Leaving out every line before the one with "3) person [1856,619,1867,624]", write out the rest of the records below exactly.

________________________________________

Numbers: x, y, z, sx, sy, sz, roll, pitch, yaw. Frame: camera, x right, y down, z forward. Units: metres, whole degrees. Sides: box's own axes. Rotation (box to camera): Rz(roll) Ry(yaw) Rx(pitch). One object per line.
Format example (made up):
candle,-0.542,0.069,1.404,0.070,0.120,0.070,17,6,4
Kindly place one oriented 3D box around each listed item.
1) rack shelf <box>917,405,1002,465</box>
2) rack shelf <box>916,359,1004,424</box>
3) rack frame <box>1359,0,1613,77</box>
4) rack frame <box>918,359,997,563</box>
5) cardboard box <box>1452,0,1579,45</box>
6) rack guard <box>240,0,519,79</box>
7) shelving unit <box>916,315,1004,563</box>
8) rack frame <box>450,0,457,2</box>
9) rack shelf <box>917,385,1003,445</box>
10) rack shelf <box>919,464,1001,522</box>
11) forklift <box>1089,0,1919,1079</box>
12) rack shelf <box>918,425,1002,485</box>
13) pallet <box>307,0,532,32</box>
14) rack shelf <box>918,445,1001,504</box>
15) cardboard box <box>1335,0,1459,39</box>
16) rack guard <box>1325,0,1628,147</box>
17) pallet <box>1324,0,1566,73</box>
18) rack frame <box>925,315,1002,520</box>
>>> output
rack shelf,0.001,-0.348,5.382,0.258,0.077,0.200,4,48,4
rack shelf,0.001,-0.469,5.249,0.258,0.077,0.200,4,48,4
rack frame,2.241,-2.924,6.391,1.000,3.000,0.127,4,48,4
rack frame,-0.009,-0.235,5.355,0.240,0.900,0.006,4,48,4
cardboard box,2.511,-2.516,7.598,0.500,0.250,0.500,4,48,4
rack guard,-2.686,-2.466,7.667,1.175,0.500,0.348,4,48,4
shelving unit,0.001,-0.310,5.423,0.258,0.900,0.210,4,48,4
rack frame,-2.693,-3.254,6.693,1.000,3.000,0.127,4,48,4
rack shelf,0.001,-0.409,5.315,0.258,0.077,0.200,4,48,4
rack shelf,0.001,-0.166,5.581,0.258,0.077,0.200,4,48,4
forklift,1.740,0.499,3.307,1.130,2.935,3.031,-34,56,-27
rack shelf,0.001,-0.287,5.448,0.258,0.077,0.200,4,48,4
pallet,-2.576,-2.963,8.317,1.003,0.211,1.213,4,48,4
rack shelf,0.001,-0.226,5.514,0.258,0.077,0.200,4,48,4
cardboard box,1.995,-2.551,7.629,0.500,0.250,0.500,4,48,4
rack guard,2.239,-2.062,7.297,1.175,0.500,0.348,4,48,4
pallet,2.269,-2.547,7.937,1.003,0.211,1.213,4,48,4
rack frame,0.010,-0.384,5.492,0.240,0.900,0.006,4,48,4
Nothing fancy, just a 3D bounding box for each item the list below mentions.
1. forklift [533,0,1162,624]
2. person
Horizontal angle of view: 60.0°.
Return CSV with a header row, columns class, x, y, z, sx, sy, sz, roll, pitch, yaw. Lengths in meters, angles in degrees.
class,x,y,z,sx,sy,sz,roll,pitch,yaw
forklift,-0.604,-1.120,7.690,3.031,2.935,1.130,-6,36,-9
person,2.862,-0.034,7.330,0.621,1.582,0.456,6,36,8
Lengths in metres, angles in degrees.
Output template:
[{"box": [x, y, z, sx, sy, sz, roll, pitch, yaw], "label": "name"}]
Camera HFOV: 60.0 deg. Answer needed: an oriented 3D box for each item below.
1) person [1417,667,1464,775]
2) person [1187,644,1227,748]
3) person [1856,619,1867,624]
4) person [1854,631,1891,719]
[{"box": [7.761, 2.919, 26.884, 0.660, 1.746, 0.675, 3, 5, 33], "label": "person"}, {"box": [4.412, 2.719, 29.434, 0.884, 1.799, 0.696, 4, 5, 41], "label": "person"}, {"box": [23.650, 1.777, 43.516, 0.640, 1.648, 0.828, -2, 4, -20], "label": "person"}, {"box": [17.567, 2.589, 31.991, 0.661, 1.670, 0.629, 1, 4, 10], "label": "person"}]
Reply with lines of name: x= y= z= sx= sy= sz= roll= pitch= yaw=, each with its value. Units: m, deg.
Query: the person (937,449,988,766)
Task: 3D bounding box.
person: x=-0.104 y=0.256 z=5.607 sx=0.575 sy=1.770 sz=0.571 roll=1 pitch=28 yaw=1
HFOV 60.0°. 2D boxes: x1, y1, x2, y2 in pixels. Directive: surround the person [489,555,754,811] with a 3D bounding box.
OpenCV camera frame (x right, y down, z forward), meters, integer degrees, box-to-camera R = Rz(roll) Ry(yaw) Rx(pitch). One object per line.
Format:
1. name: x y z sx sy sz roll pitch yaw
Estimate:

________________________________________

== Solution to this problem ==
3) person [1856,619,1867,624]
4) person [1854,631,1891,719]
[{"box": [7.761, 2.919, 26.884, 0.660, 1.746, 0.675, 3, 5, 33], "label": "person"}, {"box": [4.412, 2.719, 29.434, 0.884, 1.799, 0.696, 4, 5, 41], "label": "person"}, {"box": [23.650, 1.777, 43.516, 0.640, 1.648, 0.828, -2, 4, -20], "label": "person"}, {"box": [17.567, 2.589, 31.991, 0.661, 1.670, 0.629, 1, 4, 10], "label": "person"}]
Reply with lines of name: x= y= z= sx= sy= sz= roll= pitch= yaw=, each with its value. Units: m, deg.
Query: the person (937,449,988,766)
Task: 3D bounding box.
person: x=-0.104 y=0.256 z=5.607 sx=0.575 sy=1.770 sz=0.571 roll=1 pitch=28 yaw=1
HFOV 60.0°. 2D boxes: x1, y1, x2, y2 in pixels. Directive: surround the person [489,555,754,811] with a 3D bounding box.
OpenCV camera frame (x right, y down, z forward), meters, integer degrees, box-to-camera R = Rz(roll) Ry(yaw) Rx(pitch). One object per line.
Format:
1. name: x y z sx sy sz roll pitch yaw
Estimate:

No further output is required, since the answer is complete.